» Problem statement:
The entries are to be printed again word for word, but no picture may appear.

▬▬▬▬▬▬▬▬▬▬

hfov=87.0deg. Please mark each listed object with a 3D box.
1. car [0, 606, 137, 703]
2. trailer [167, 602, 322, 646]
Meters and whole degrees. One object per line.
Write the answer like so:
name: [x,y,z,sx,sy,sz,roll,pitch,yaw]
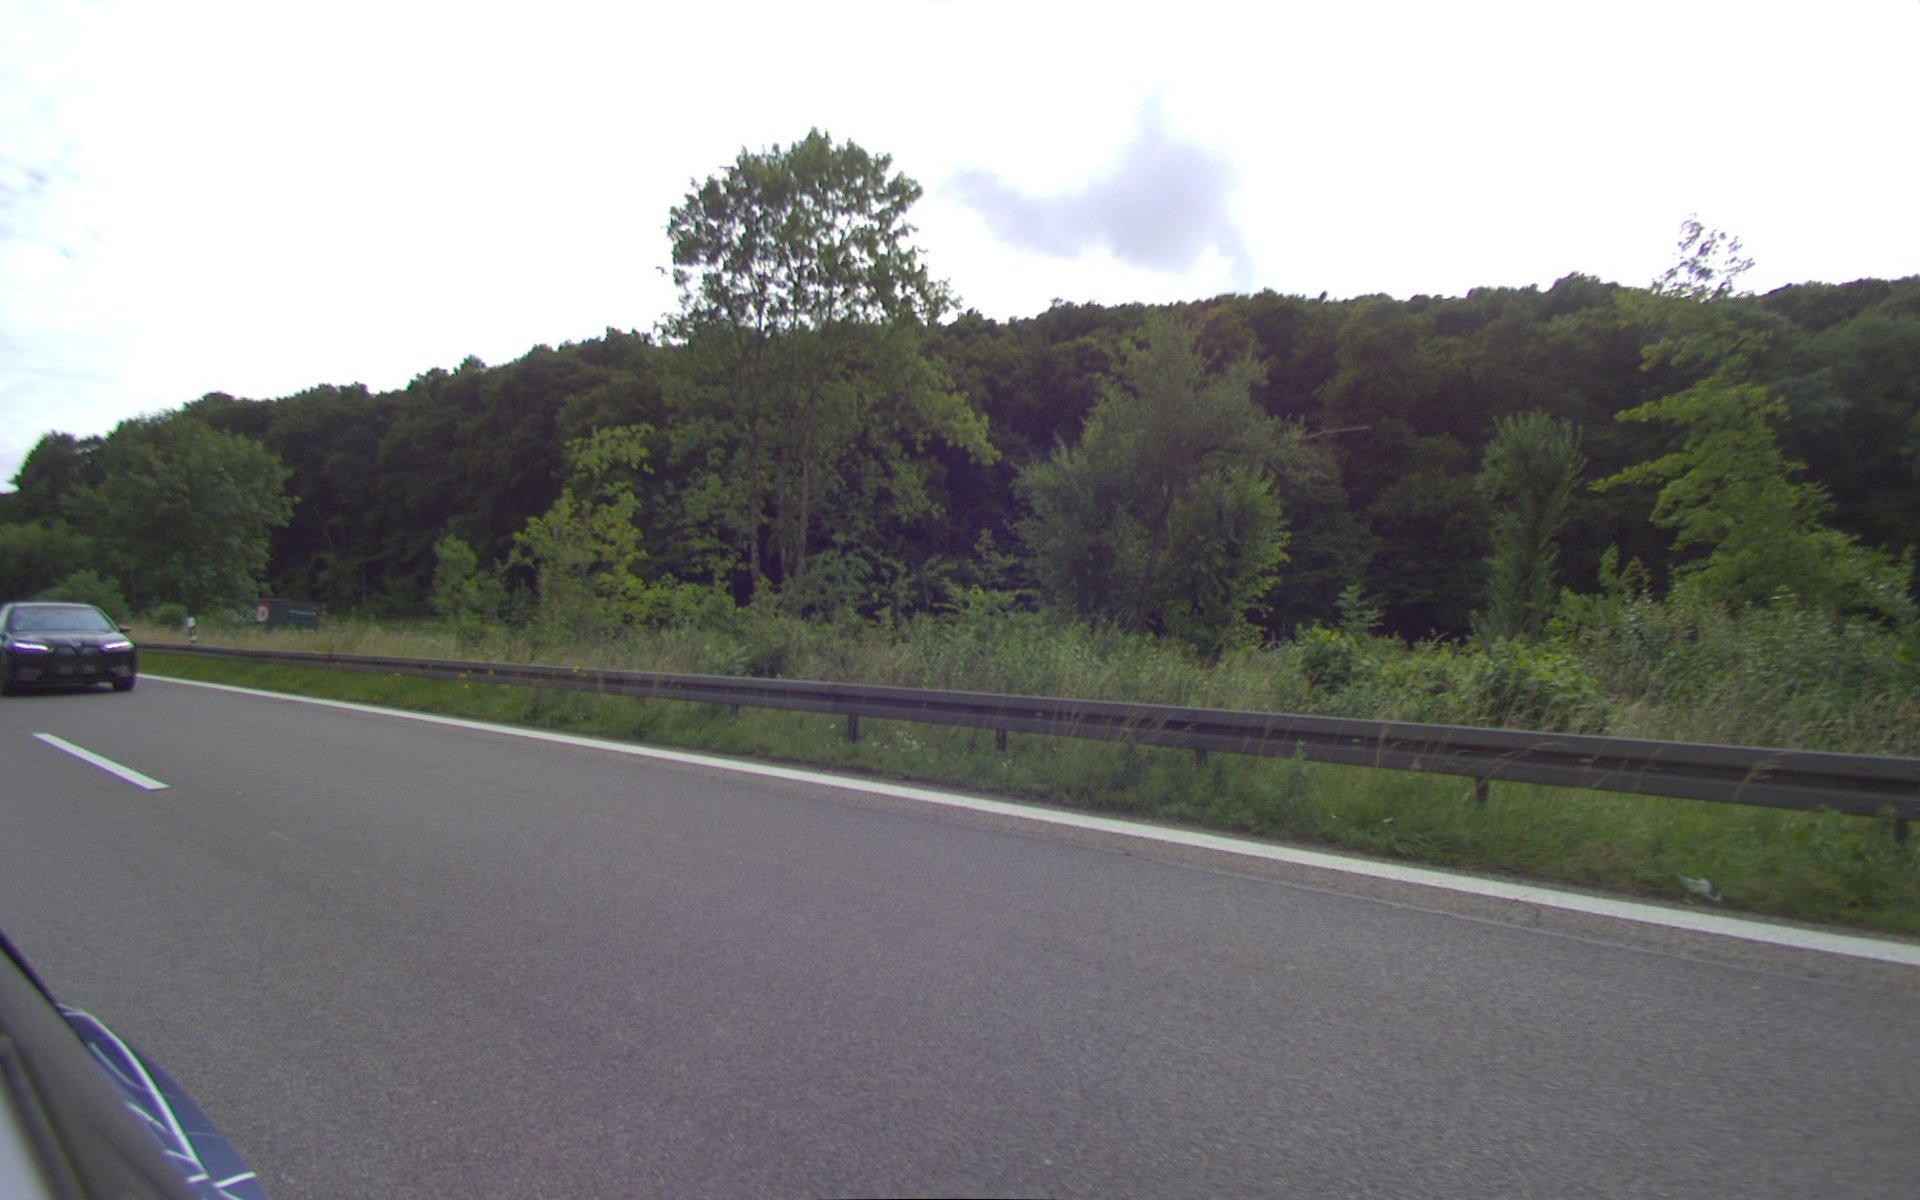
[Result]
car: [-17.750,0.981,19.576,4.410,1.678,1.974,-1,-2,39]
trailer: [-55.892,1.887,78.901,13.725,3.244,3.137,-1,-1,23]

▬▬▬▬▬▬▬▬▬▬

» Written response:
hfov=87.0deg. Please mark each listed object with a 3D box.
1. car [0, 606, 137, 703]
2. trailer [167, 602, 322, 646]
Meters and whole degrees. One object per line.
Write the answer like so:
name: [x,y,z,sx,sy,sz,roll,pitch,yaw]
[Result]
car: [-17.750,0.981,19.576,4.410,1.678,1.974,-1,-2,39]
trailer: [-55.892,1.887,78.901,13.725,3.244,3.137,-1,-1,23]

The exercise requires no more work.